Check out Machine Learning Pipeline Example.ipynb
. You should have PySpark installed (which can be installed with pip install pyspark
).
Check out spark-intro-ml-scala.ipynb
. You will need a Scala Spark notebook interface.
If notebooks are not your thing, feel free to use g8 template from https://github.com/holdenk/sparkProjectTemplate.g8 to roll a "regular" Spark project and move your code there.
Depending on what you want to explore there are three distinct adventures (or you can do all):
- Replace the provided dataset with another one
As fun as census data is, its likely your problems don't look too much like it.
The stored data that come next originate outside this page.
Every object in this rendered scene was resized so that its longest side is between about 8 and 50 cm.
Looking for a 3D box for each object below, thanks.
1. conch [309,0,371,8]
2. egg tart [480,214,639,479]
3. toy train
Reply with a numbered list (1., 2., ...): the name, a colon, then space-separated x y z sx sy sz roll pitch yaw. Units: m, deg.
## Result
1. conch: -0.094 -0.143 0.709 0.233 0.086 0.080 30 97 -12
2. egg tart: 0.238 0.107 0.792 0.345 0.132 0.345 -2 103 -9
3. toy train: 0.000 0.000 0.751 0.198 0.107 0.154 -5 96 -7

If you've got some sample data that you car about, try it and see if we can build a useful classifier for it with this pipeline (likely we'll need more pre-processing but that's cool too).
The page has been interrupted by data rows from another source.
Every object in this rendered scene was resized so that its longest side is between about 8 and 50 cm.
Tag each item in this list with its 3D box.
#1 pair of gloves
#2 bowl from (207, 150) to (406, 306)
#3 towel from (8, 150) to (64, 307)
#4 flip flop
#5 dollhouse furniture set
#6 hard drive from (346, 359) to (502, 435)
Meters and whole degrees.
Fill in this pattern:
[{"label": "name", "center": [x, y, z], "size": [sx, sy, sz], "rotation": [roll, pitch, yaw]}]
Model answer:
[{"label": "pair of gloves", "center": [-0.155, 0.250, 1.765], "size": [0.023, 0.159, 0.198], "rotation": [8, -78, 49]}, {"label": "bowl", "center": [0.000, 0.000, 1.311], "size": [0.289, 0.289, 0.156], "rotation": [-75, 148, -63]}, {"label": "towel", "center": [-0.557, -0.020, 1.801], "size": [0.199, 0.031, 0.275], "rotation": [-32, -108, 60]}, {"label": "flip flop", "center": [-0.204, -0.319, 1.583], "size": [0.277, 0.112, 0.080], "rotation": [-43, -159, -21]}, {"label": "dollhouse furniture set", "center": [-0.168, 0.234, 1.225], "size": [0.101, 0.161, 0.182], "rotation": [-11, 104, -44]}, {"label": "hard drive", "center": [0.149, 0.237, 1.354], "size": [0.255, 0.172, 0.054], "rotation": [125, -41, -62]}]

- Try a different algorithm from Spark's built in algorithms (or look at spark-packages for an add-on)
Here you can look at the different models listed in https://spark.apache.org/docs/latest/api/scala/index.html#org.apache.spark.ml.classification.package and see what might be a fit. This can be done inside your existing notebook or project.
- Save the trained model and figure out how to serve it.
For this one your likely going to want a new project capable of loading Spark's own model format - you can use the g8 template https://github.com/holdenk/sparkProjectTemplate.g8 to get started.
This option has a few different approaches. One is to look for a package capable of serving the models (some like https://github.com/Hydrospheredata/spark-ml-serving work with out creating a Spark context but only support certain models), others use a SparkContext in local mode to give you all of the stages but at some additional overhead. Try predicting a single element on a local SparkContext and consider the overhead when choosing your approach.
The most "production ready" approach tends to involve writing a serving layer entirely, which is somewhat beyond the scope of this lab.
If all of these options make you go ugh, that's why things like https://github.com/kubeflow/kubeflow have me really excited about their potential once we add more practical things besides tensorflow to them (come join us in making that happen!).